For the data below, transcribe the part that opens with the line containing "#5 box at [261, 38, 286, 49]" and closes with the line containing "thyme-leaved speedwell (773,69,793,90)", exactly and with no pictures.

--- RECORDS TO PROCESS ---

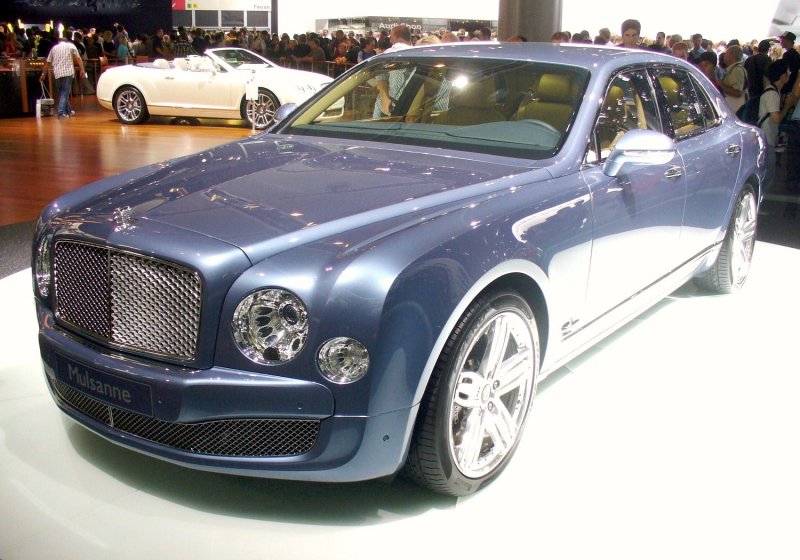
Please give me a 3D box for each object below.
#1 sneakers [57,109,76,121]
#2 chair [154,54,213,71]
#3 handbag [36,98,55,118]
[{"bbox_3d":[-8.787,-4.320,14.889,0.200,0.293,0.657,-16,12,-32],"label":"sneakers"},{"bbox_3d":[-4.987,-5.002,13.194,0.649,0.344,0.912,-18,21,-34],"label":"chair"},{"bbox_3d":[-9.270,-4.451,14.730,0.190,0.575,0.415,14,33,17],"label":"handbag"}]
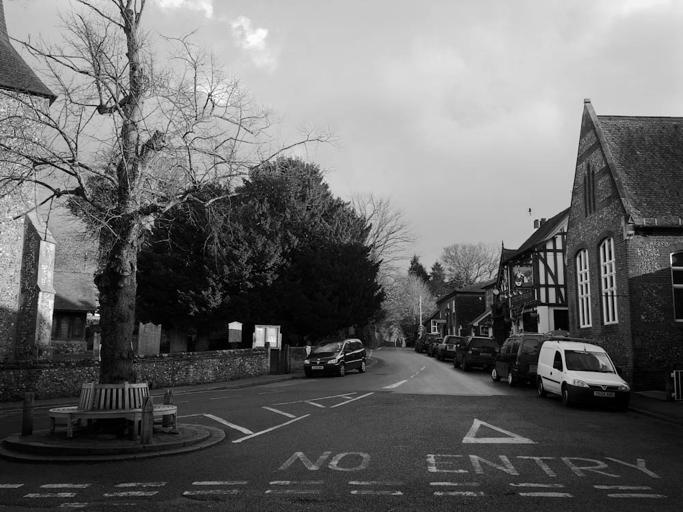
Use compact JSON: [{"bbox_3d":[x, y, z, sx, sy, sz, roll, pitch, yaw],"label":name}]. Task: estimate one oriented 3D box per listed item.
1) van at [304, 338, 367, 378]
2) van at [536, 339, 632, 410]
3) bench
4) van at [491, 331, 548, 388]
[{"bbox_3d":[-0.227,5.388,32.767,1.806,2.098,3.728,-10,-16,32],"label":"van"},{"bbox_3d":[8.138,3.886,20.529,2.307,2.536,2.742,-4,-13,9],"label":"van"},{"bbox_3d":[-4.971,3.385,13.527,2.526,1.217,1.689,-3,-14,4],"label":"bench"},{"bbox_3d":[7.917,4.588,26.636,1.791,2.208,4.193,8,-6,1],"label":"van"}]
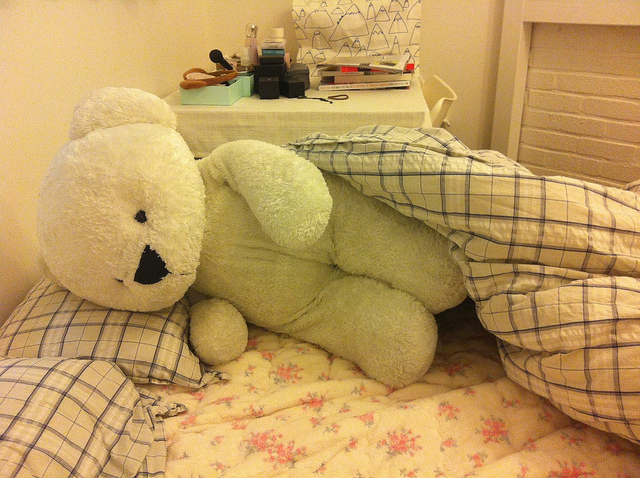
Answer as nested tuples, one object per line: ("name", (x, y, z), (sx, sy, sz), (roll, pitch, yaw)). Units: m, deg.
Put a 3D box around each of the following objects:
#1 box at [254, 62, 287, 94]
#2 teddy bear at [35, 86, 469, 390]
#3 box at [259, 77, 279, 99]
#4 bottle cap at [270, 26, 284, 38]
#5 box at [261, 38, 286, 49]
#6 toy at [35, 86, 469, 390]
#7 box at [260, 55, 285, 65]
("box", (-0.202, -0.654, 2.003), (0.126, 0.088, 0.124), (-2, 19, -6))
("teddy bear", (-0.093, -0.014, 1.464), (1.182, 0.504, 0.744), (11, -7, -6))
("box", (-0.200, -0.587, 1.926), (0.089, 0.074, 0.044), (-1, 14, -1))
("bottle cap", (-0.175, -0.821, 1.972), (0.048, 0.032, 0.033), (-6, 32, -9))
("box", (-0.188, -0.775, 1.964), (0.095, 0.039, 0.058), (-3, 31, -6))
("toy", (-0.136, -0.026, 1.409), (1.101, 0.414, 0.823), (9, -12, -5))
("box", (-0.191, -0.712, 1.959), (0.090, 0.032, 0.048), (3, 31, 4))
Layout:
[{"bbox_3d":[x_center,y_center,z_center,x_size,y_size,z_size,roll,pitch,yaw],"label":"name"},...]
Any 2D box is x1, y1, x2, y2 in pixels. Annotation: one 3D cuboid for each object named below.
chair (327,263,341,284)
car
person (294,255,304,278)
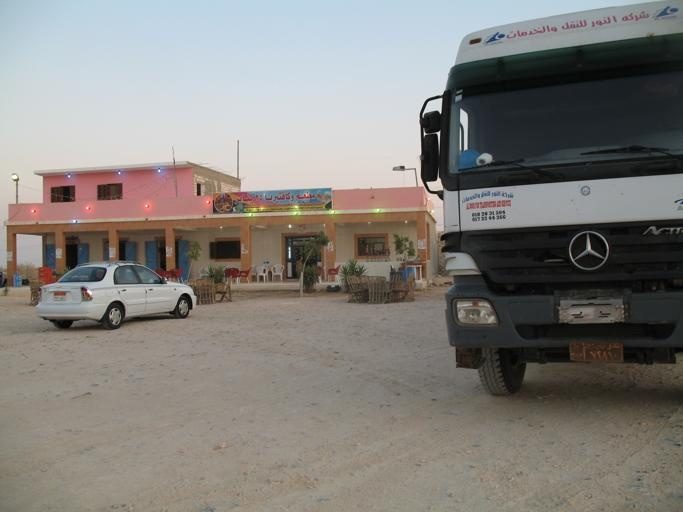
[{"bbox_3d":[-0.271,0.906,27.724,0.701,1.112,0.732,1,0,-8],"label":"chair"},{"bbox_3d":[-5.396,0.928,14.571,1.540,1.350,3.485,0,1,24],"label":"car"},{"bbox_3d":[-2.228,0.611,31.502,0.351,1.152,0.667,-3,5,-18],"label":"person"}]
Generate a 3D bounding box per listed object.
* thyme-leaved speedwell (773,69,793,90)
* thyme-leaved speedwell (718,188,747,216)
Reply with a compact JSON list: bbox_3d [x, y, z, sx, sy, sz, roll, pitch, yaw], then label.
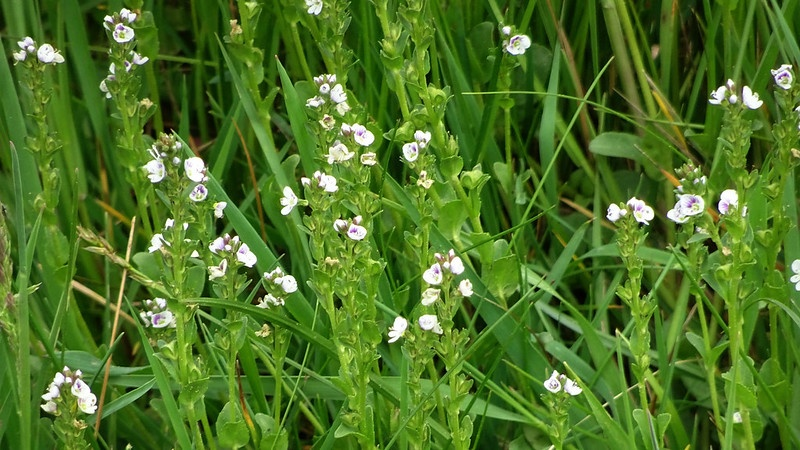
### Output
[{"bbox_3d":[1.049,-0.410,2.415,0.053,0.062,0.094,-1,21,24],"label":"thyme-leaved speedwell"},{"bbox_3d":[0.887,-0.052,2.367,0.062,0.077,0.020,5,-10,22],"label":"thyme-leaved speedwell"}]
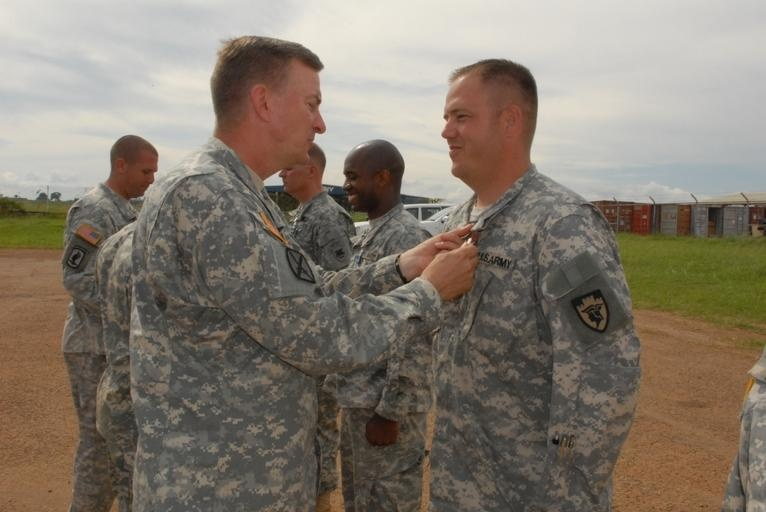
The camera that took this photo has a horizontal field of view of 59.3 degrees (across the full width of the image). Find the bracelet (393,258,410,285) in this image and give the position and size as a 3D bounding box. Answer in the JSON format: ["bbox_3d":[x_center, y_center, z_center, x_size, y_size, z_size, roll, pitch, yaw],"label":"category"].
[{"bbox_3d":[0.119,0.109,4.748,0.041,0.142,0.141,-19,38,11],"label":"bracelet"}]
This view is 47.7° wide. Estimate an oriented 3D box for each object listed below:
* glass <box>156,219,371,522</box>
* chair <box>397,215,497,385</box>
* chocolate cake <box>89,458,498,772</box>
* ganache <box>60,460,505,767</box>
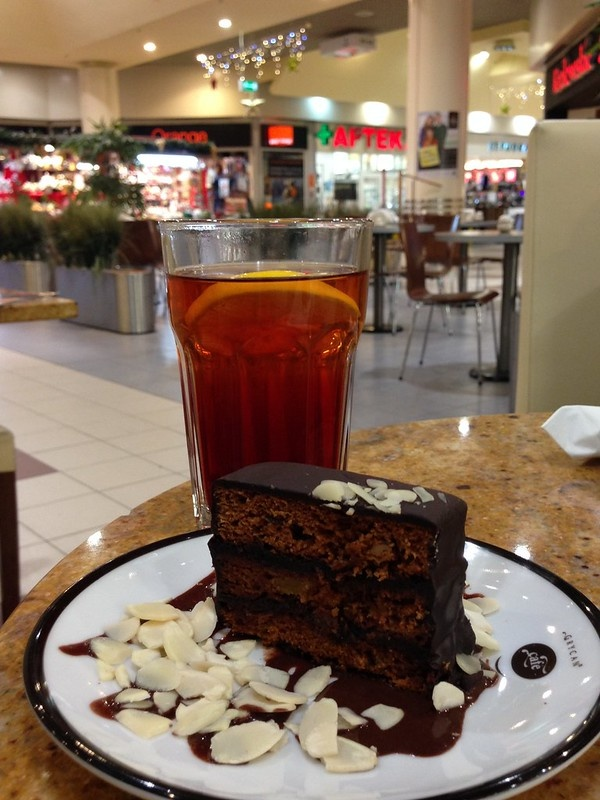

---

EXPECTED ANSWER:
#5 box at [261, 38, 286, 49]
#6 toy at [35, 86, 469, 390]
#7 box at [260, 55, 285, 65]
("box", (-0.202, -0.654, 2.003), (0.126, 0.088, 0.124), (-2, 19, -6))
("teddy bear", (-0.093, -0.014, 1.464), (1.182, 0.504, 0.744), (11, -7, -6))
("box", (-0.200, -0.587, 1.926), (0.089, 0.074, 0.044), (-1, 14, -1))
("bottle cap", (-0.175, -0.821, 1.972), (0.048, 0.032, 0.033), (-6, 32, -9))
("box", (-0.188, -0.775, 1.964), (0.095, 0.039, 0.058), (-3, 31, -6))
("toy", (-0.136, -0.026, 1.409), (1.101, 0.414, 0.823), (9, -12, -5))
("box", (-0.191, -0.712, 1.959), (0.090, 0.032, 0.048), (3, 31, 4))
Layout:
[{"bbox_3d":[x_center,y_center,z_center,x_size,y_size,z_size,roll,pitch,yaw],"label":"name"},...]
Any 2D box is x1, y1, x2, y2 in pixels. Annotation: one 3D cuboid for each object named below.
chair (327,263,341,284)
car
person (294,255,304,278)
[{"bbox_3d":[-0.271,0.906,27.724,0.701,1.112,0.732,1,0,-8],"label":"chair"},{"bbox_3d":[-5.396,0.928,14.571,1.540,1.350,3.485,0,1,24],"label":"car"},{"bbox_3d":[-2.228,0.611,31.502,0.351,1.152,0.667,-3,5,-18],"label":"person"}]
Generate a 3D bounding box per listed object.
* thyme-leaved speedwell (773,69,793,90)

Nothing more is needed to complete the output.